Bildung

300.000 Jugendliche verweigern den Schulbesuch

Nach Expertenmeinung weigern sich 300.000 Kinder und Jugendliche jedes Jahr in Deutschland, die Schule regelmäßig zu besuchen. Das gilt besonders für Schüler von Haupt- und Förderschulen. Die Gründe sind vielfältig. Die Grenze zwischen harmlosem Schwänzen und Verweigerung ist fließend.

Foto: picture-alliance/ dpa / dpa

Irgendwann ließ Birgit ihren Ranzen stehen. Sie wollte nicht mehr in die Schule gehen. Ihre Eltern waren ratlos und verzweifelt: „Was sollen denn die Leute denken?“. Die Leute redeten, tuschelten, regten sich schrecklich auf. Das 12-jährige Mädchen aber wollte nicht reden. Lehrer kamen, Ärzte. Ohne Erfolg. Als Birgit nach einigen Monaten wieder zur Schule ging, wusste keiner so recht, warum. Heute ist Birgit über 30 Jahre alt, hat Familie, aber im Dorf ist sie immer noch die, die nicht zur Schule ging.
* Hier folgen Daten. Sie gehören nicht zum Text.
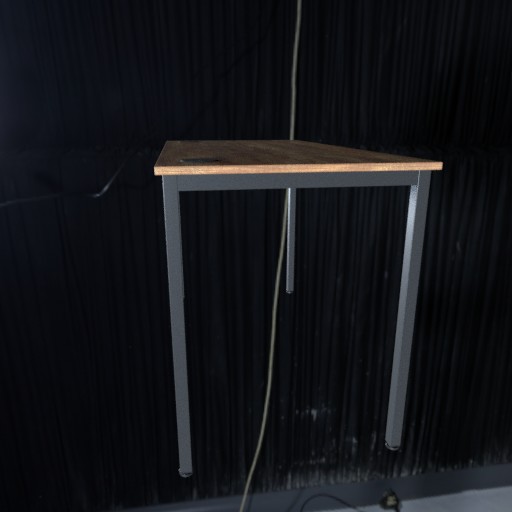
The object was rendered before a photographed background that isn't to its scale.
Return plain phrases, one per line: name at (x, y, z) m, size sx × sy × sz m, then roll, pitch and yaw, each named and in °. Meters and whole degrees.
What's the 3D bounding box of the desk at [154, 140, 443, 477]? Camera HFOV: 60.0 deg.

Kinder und Jugendliche, die sich der Schule verweigern, gab es immer. Dass daran aber ein ganzes Dorf Anteil nimmt, passiert heute kaum noch. Wer fragt schon nach, wenn 13-Jährige während der Woche mittags am Dorfplatz, im Kaufhaus oder im Park rumhängen. In Großstädten ist das Bewusstsein dafür, dass dann etwas nicht in Ordnung ist, schon lange erodiert. „Mangelnde Sensibilität und die fehlende Bereitschaft hinzusehen, ist mit ein Grund dafür, dass es Schülerinnen und Schülern heute zu leicht gemacht wird, der Schule fern zu bleiben“, sagt Pädagogikprofessor Karlheinz Thimm von der Evangelischen Fachhochschule Berlin. Laut Thimm weigern sich 300.000 Kinder und Jugendliche jedes Jahr in Deutschland, die Schule regelmäßig zu besuchen. Das sind acht Prozent aller Schüler; eine horrende Zahl. Diese Kinder und Jugendlichen fehlen an mehr als zehn Tagen pro Schuljahr unentschuldigt.

Schwänzen ist der Einstieg in den Abstieg

Weit höher muss die Zahl angenommen werden, zählt man diejenigen dazu, die entschuldigt fehlen, aber ebenfalls als Verweigerer gelten müssen. „Viele Ärzte schreiben einfach krank und fragen nicht nach, woher die körperlichen Beschwerden der Jugendlichen kommen. Schulängste werden nicht entdeckt, auch Depressionen und psychische Störungen werden als Faktoren für Beschwerden selten erkannt“, sagt Thimm. Der Wissenschaftler geht von rund 30.000 Schülerinnen und Schülern aus, die dem System Schule ganz verloren gegangen sind. 30.000 Menschen, von denen kaum einer je einen Bildungsabschluss machen wird. Schwänzen ist der Einstieg in den Abstieg.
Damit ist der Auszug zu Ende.